Now Rachmaninoff, excellent composer, manages to alienate me completely within less than moments, each and every time, regardless of the genre, symphonic, concerto, solo piano. His music has never done anything else for me but that, including the Russian traditional choral style Vespers... any and all of it is for me a complete turn-off.

It certainly does not meet any of my emotional or intellectual criteria to be of any interest to me at all, and I genuinely am put off within a few bars of hearing it, I'll admit to that.

If you know what you do and don't like, I don't get the point of whining about or dissing that which you do not like, which may, if you know enough about the inner workings of music composition, actually be good work.

Put off by something? Stay away from it. Once known as a turn off, that is just what I do.
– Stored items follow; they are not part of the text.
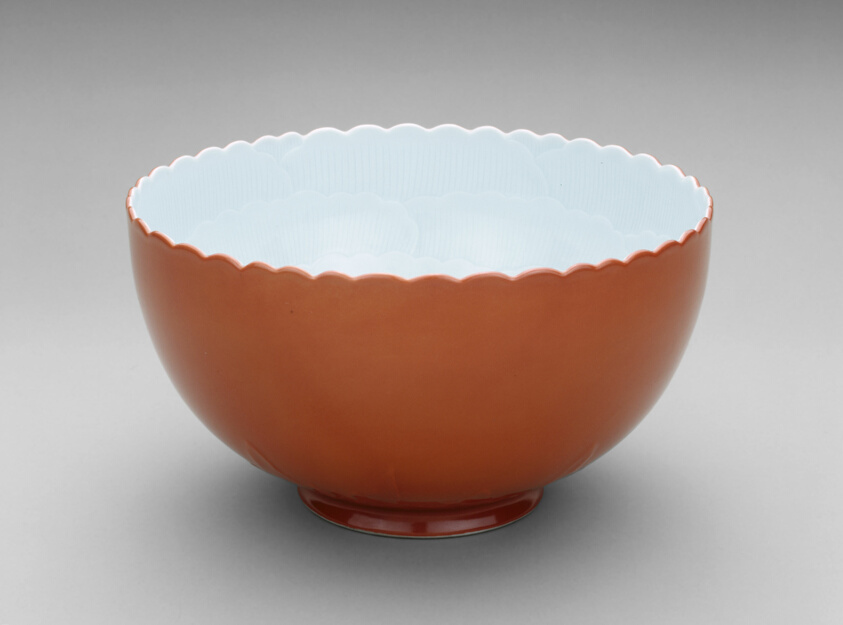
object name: Decorative Arts
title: Lobed Bowl
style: Japanese (culture or style)
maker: Seifu Yohei III (Japanese, 1851-1914)
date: 1890/1900
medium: Porcelain with incised floral design
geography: Japan
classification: bowl; dish (vessel); asian art; ceramics; decorative arts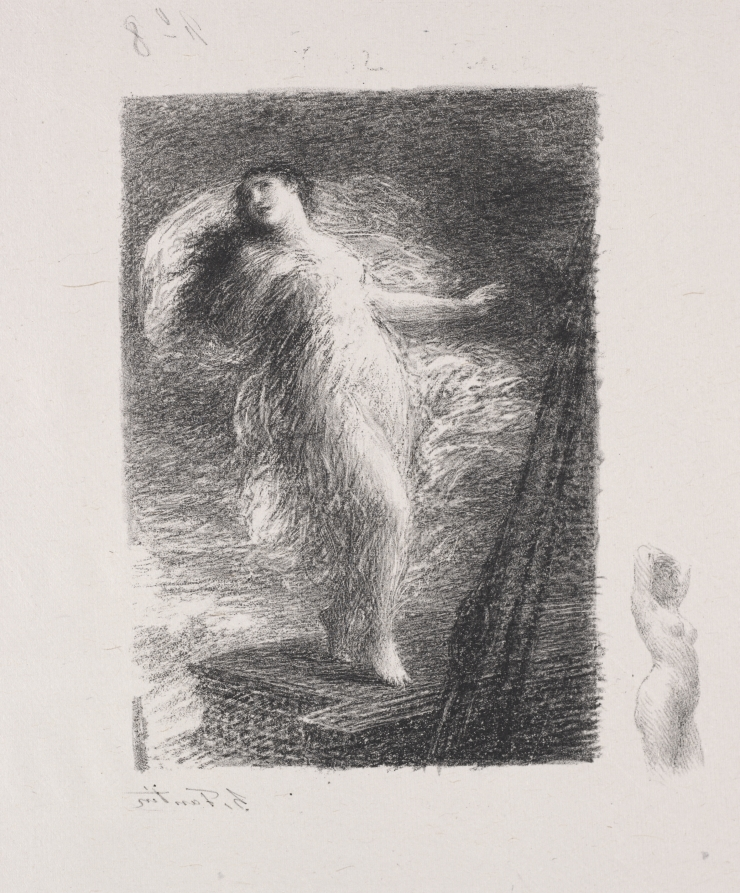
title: La jeune Tarentine
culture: France, 19th century
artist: Henri Fantin-Latour (French, 1836–1904)
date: 1903
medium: lithograph
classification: Print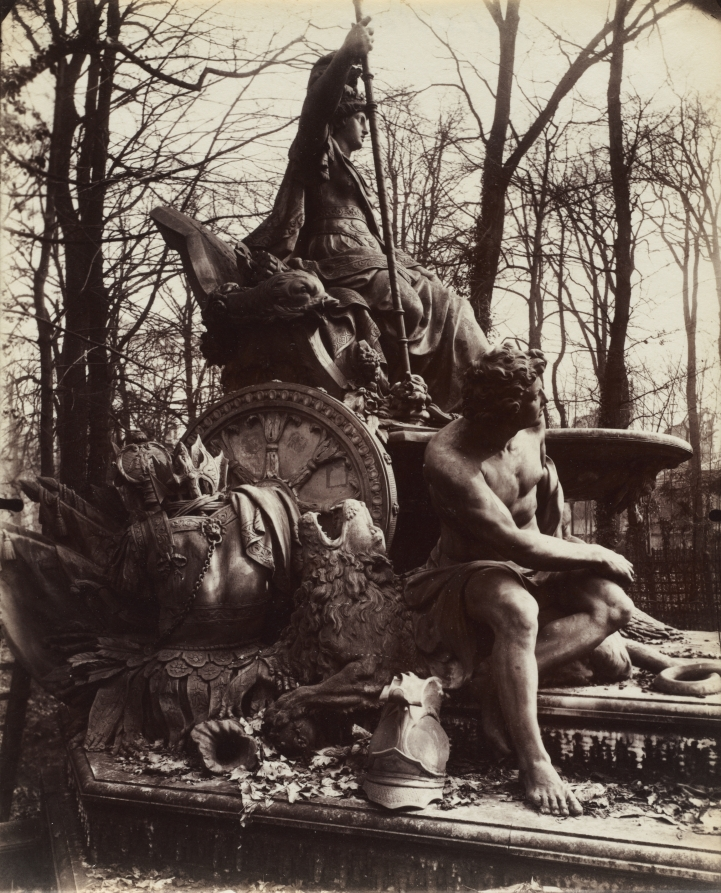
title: Versailles, Fountain of Triumphant France
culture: France, 20th century
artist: Eugène Atget (French, 1857–1927)
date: 1904
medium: albumen print, gold toned
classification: Photograph
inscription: Written in pencil on verso: "Versailles"; "#6493"
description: From 1901 until his death in 1927, Atget devoted much of his time to documenting châteaus and parks in and around Paris. Initially and most frequently, he was attracted to the gardens of Versailles, first working there until 1906. This intriguing detail of the Fountain of Triumphant France isolates two of its three allegorical figures: the seated representation of the French Empire behind Jean-Baptiste Tubi’s sculpture denoting Spain. The fountain was commissioned by Louis XIV to celebrate the French victory over Spain and Holland. The sharply focused composition filled with decorative and sculptural details is typical of Atget’s early photographs, which he understood to be "documents for artists"—raw material for painters, sculptors, stage designers, and craftsmen.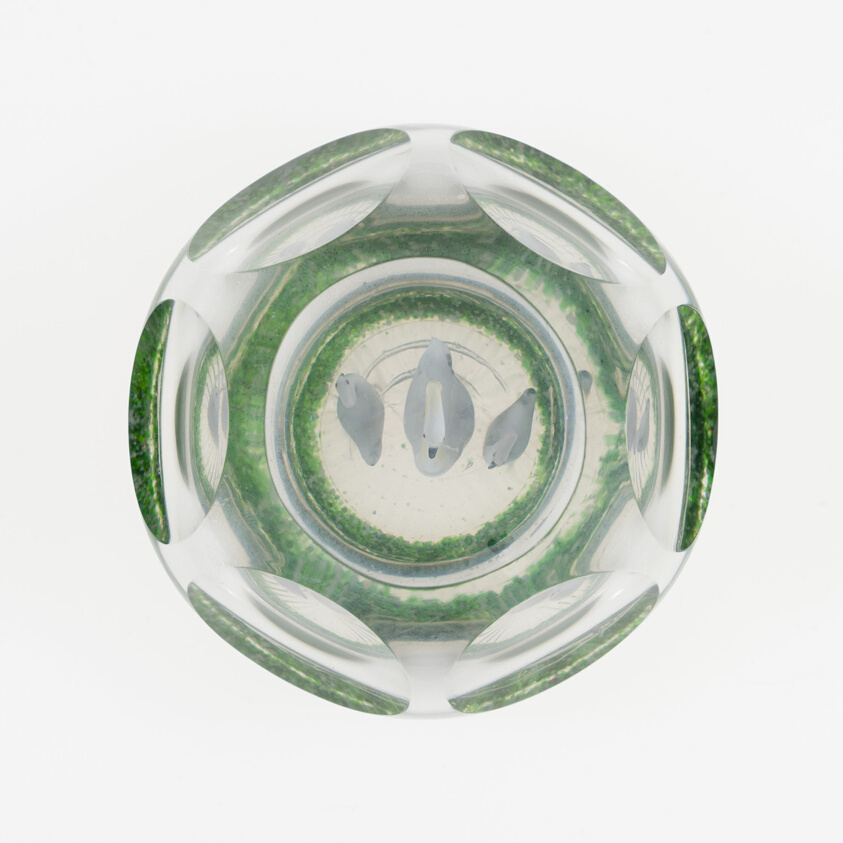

Simple enough.

However, I am neither ignorant enough or arrogant enough to think to call Rachmaninoff -- this excellent composer's extremely well crafted music -- noise, crrrrrap, garbage, etc.

I think any number of those so seemingly outraged that composers are writing music "not for them" have confused the pop music mentality for the very different arena of classical music, how it has always worked, how it works now as well. _Pop Music, past and present, Is All About Ego._

*To be egocentric or narcissistic enough to think that every composer in the world past or present was or should be writing for me and the limitations of my taste would be to impose a pop music market mentality on classical music.*

I would also fight tooth and nail to battle off any who think turning classical music more into the same kind of pop music market mentality of pleasing the crowds is at all a good idea. Imposing that crowd-pleasing mentality on classical music will end up with new classical music in such a slump of the blandest of mediocrities that it might never recover its vitality.


----------



## mstar (Aug 14, 2013)

PetrB said:


> *To be egocentric or narcissistic enough to think that every composer in the world past or present was or should be writing for me and the limitations of my taste would be to impose a pop music market mentality on classical music.*


True! Notice that almost all pop music sounds the same, especially when contrasted with the different styles and eras of classical music. It's not trash, though. Some people think otherwise. Some people like pop music.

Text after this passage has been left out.